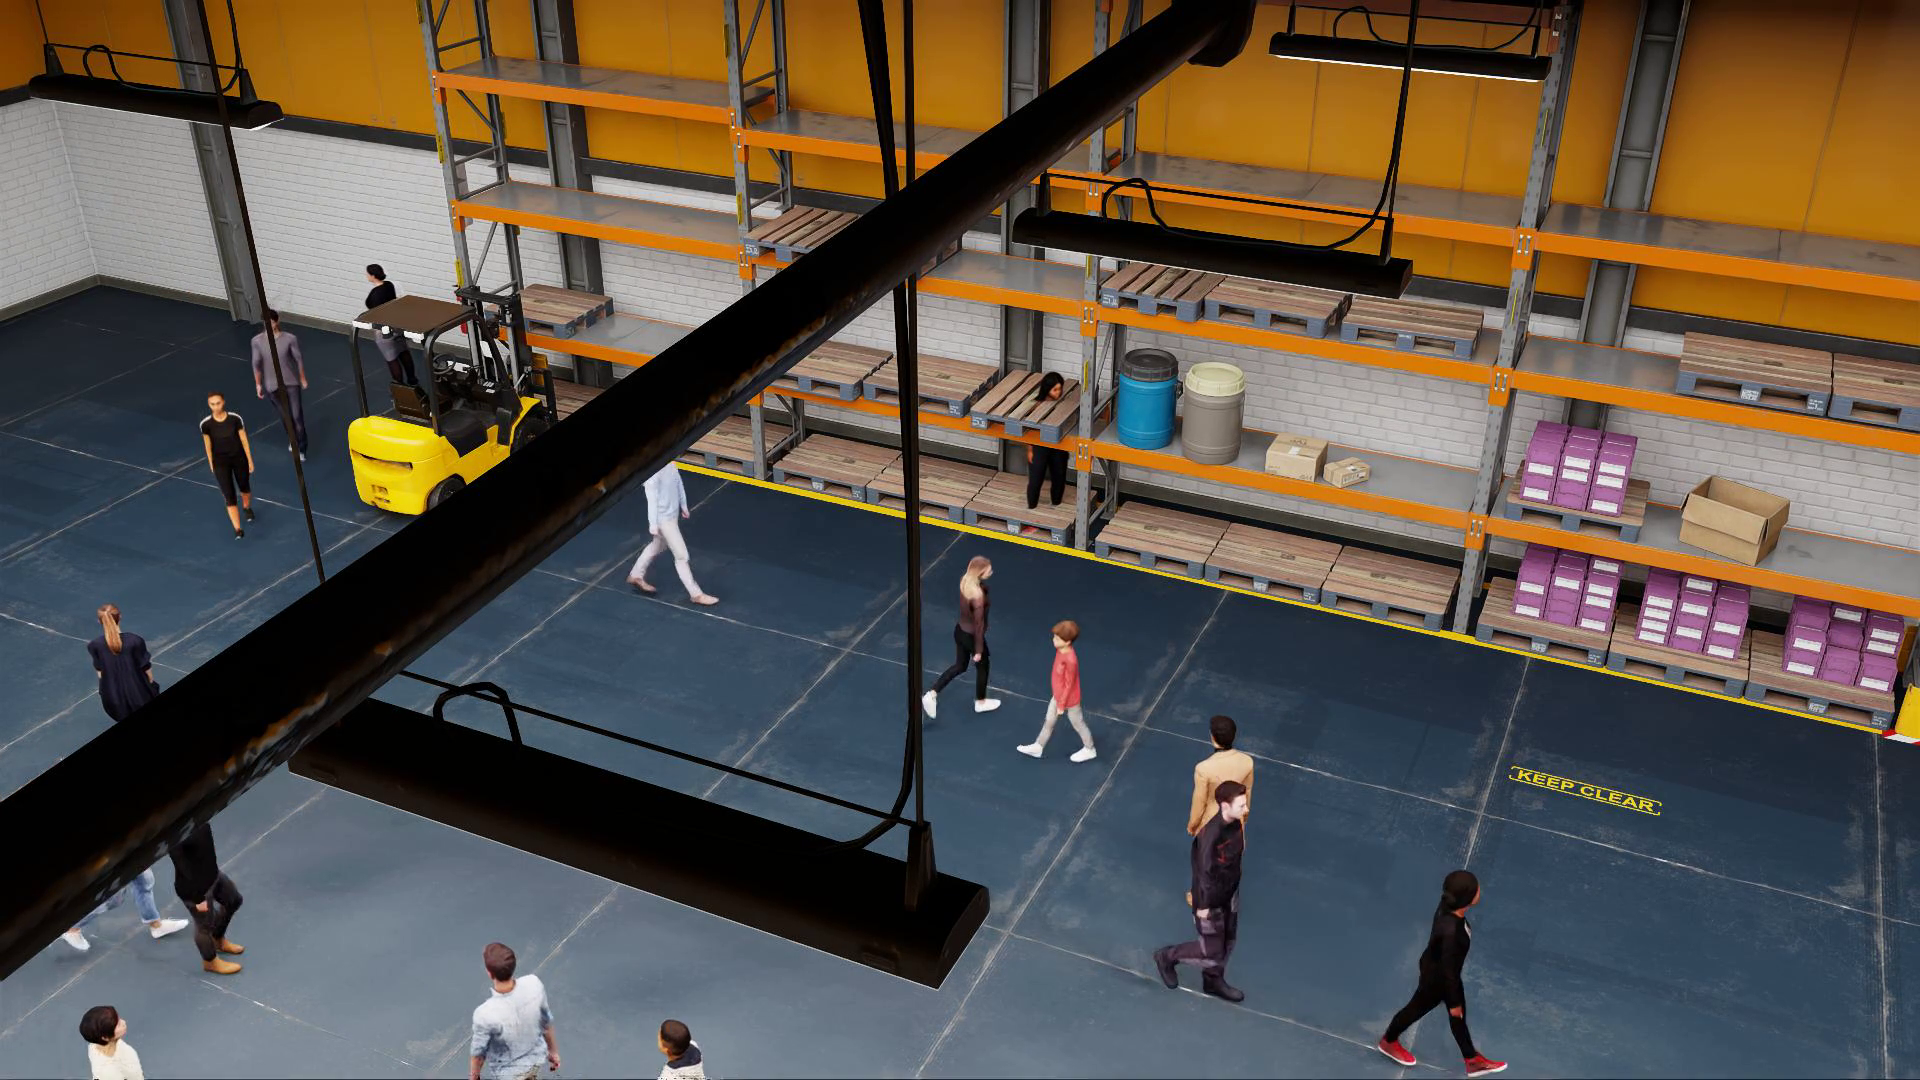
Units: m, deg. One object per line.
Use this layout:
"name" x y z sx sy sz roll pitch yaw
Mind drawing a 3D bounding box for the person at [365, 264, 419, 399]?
"person" -7.228 -2.666 21.116 0.719 1.750 0.729 5 29 10

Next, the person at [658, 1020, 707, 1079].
"person" -1.612 3.515 10.118 0.946 1.431 0.593 12 31 21

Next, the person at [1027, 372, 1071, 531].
"person" 0.957 -0.990 17.976 0.770 1.813 0.832 -10 30 -17

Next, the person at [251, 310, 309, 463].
"person" -7.973 -1.873 19.592 1.102 1.816 1.080 -3 29 -6

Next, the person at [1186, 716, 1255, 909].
"person" 1.948 2.075 12.451 0.757 1.724 0.822 -8 30 -15

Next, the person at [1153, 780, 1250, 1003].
"person" 1.712 2.450 11.584 0.939 1.895 0.780 19 34 31

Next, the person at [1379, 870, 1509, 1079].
"person" 3.097 2.887 11.068 1.065 1.624 0.678 12 31 20

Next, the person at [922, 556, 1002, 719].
"person" 0.017 0.880 14.695 1.075 1.673 1.043 -13 31 -22

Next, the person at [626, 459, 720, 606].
"person" -3.007 -0.212 16.515 1.317 1.847 0.850 7 29 12

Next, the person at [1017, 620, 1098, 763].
"person" 0.988 1.309 14.211 0.969 1.384 0.876 -7 29 -13

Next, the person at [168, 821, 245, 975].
"person" -5.496 2.399 11.866 0.728 1.716 0.734 0 29 1

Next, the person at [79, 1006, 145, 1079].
"person" -5.114 3.455 10.076 0.763 1.577 0.688 -13 31 -22

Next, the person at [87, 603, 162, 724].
"person" -6.969 1.279 13.953 0.695 1.683 0.778 -7 29 -12

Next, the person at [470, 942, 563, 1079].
"person" -2.633 3.269 10.166 1.163 1.817 0.866 22 36 35

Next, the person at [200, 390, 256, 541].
"person" -7.862 -0.865 17.954 1.059 1.616 1.159 -12 31 -20
☆ ☆ ☆ ☆ ☆ ☆ ☆
— Problem statement —
Exclude every picture and copy the remaining data exactly.

— The answer —
Units: m, deg. One object per line.
Use this layout:
"name" x y z sx sy sz roll pitch yaw
Mind drawing a 3D bounding box for the person at [365, 264, 419, 399]?
"person" -7.228 -2.666 21.116 0.719 1.750 0.729 5 29 10

Next, the person at [658, 1020, 707, 1079].
"person" -1.612 3.515 10.118 0.946 1.431 0.593 12 31 21

Next, the person at [1027, 372, 1071, 531].
"person" 0.957 -0.990 17.976 0.770 1.813 0.832 -10 30 -17

Next, the person at [251, 310, 309, 463].
"person" -7.973 -1.873 19.592 1.102 1.816 1.080 -3 29 -6

Next, the person at [1186, 716, 1255, 909].
"person" 1.948 2.075 12.451 0.757 1.724 0.822 -8 30 -15

Next, the person at [1153, 780, 1250, 1003].
"person" 1.712 2.450 11.584 0.939 1.895 0.780 19 34 31

Next, the person at [1379, 870, 1509, 1079].
"person" 3.097 2.887 11.068 1.065 1.624 0.678 12 31 20

Next, the person at [922, 556, 1002, 719].
"person" 0.017 0.880 14.695 1.075 1.673 1.043 -13 31 -22

Next, the person at [626, 459, 720, 606].
"person" -3.007 -0.212 16.515 1.317 1.847 0.850 7 29 12

Next, the person at [1017, 620, 1098, 763].
"person" 0.988 1.309 14.211 0.969 1.384 0.876 -7 29 -13

Next, the person at [168, 821, 245, 975].
"person" -5.496 2.399 11.866 0.728 1.716 0.734 0 29 1

Next, the person at [79, 1006, 145, 1079].
"person" -5.114 3.455 10.076 0.763 1.577 0.688 -13 31 -22

Next, the person at [87, 603, 162, 724].
"person" -6.969 1.279 13.953 0.695 1.683 0.778 -7 29 -12

Next, the person at [470, 942, 563, 1079].
"person" -2.633 3.269 10.166 1.163 1.817 0.866 22 36 35

Next, the person at [200, 390, 256, 541].
"person" -7.862 -0.865 17.954 1.059 1.616 1.159 -12 31 -20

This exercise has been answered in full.